WHAT IS BEING ASKED: Would you please write out each of the entries below exactly, omitting pictures?

PROVIDED INFORMATION:
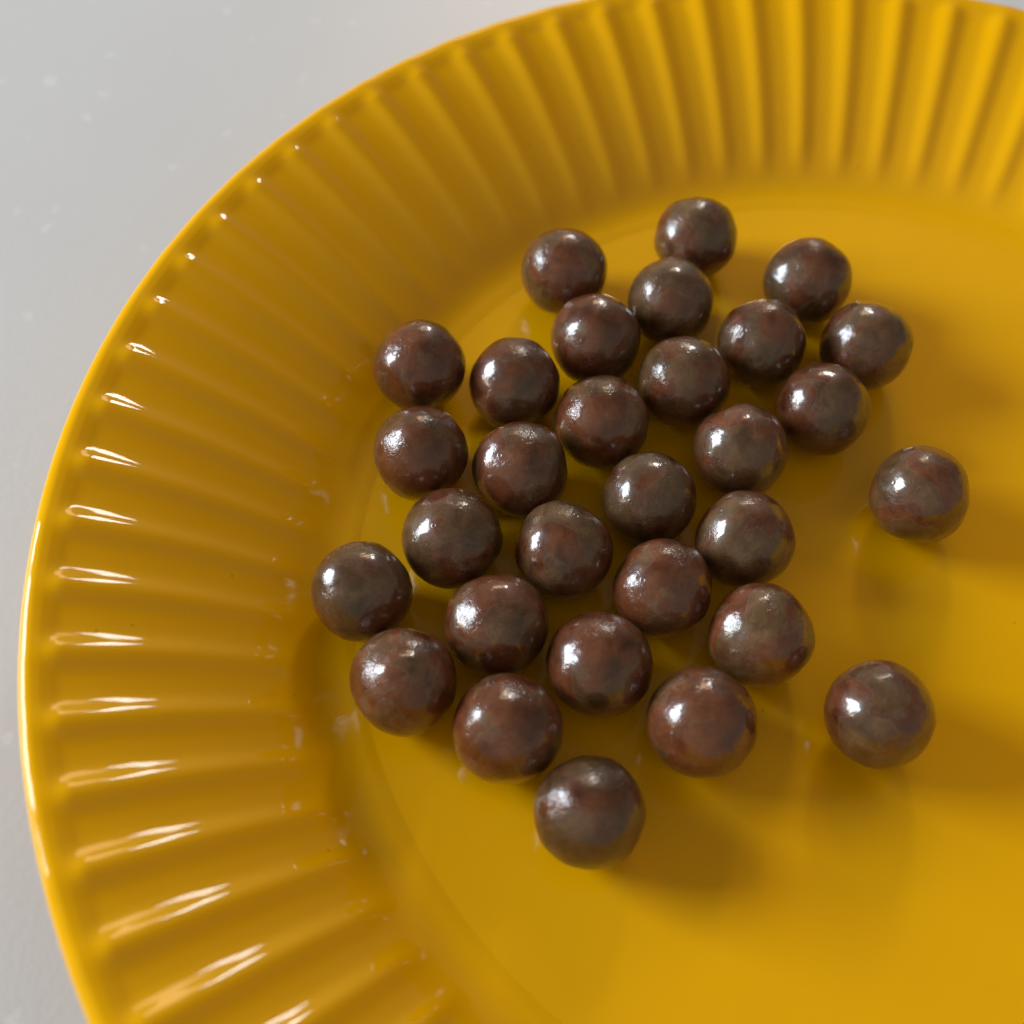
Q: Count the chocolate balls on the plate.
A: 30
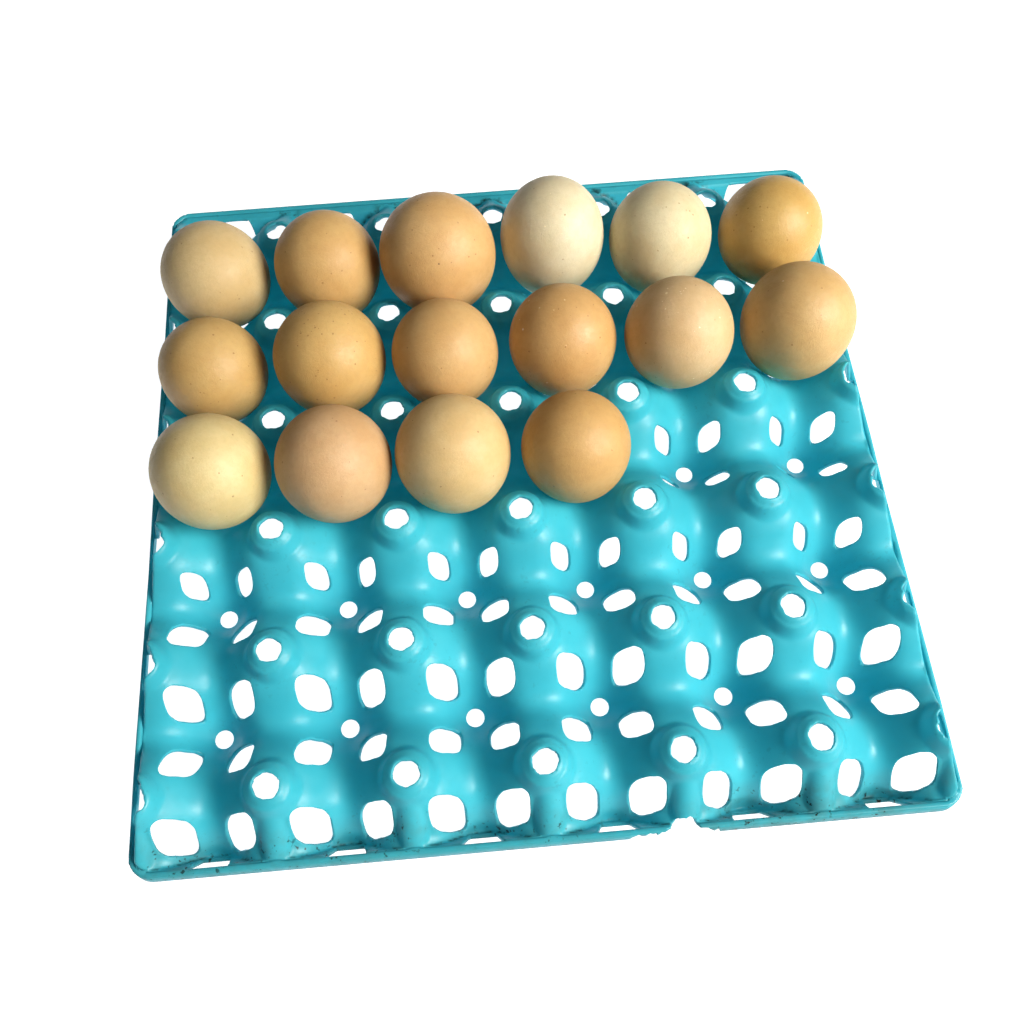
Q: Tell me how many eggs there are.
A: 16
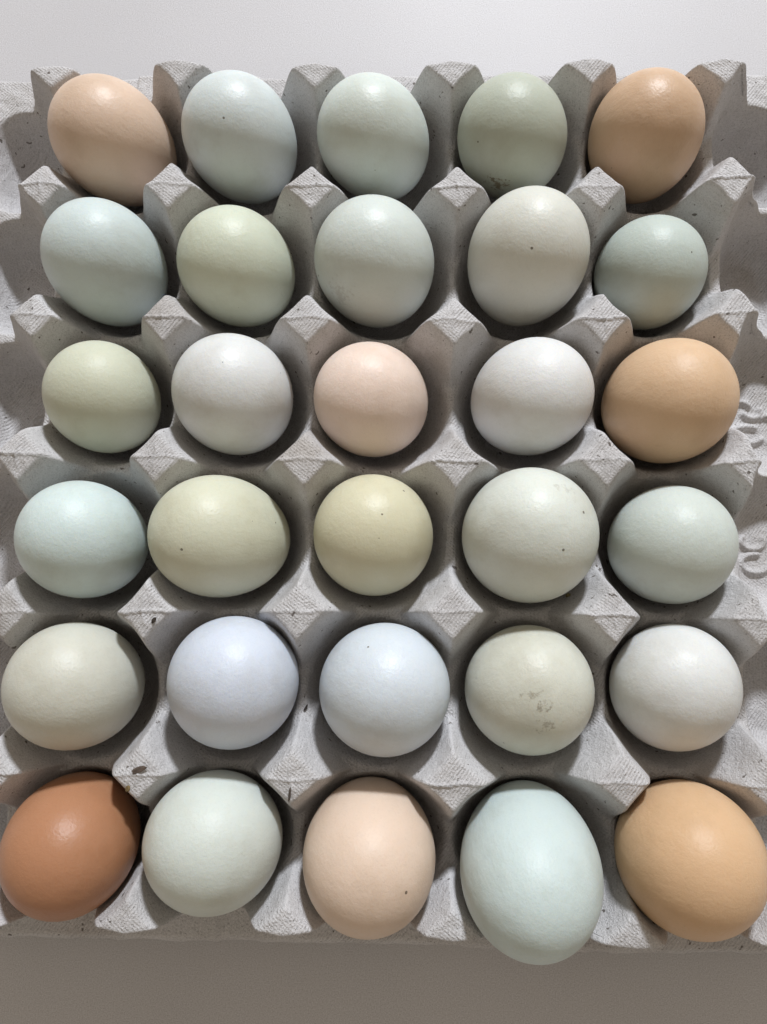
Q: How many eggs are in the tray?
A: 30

WRITTEN SOLUTION:
Q: Count the chocolate balls on the plate.
A: 30
Q: Tell me how many eggs there are.
A: 16
Q: How many eggs are in the tray?
A: 30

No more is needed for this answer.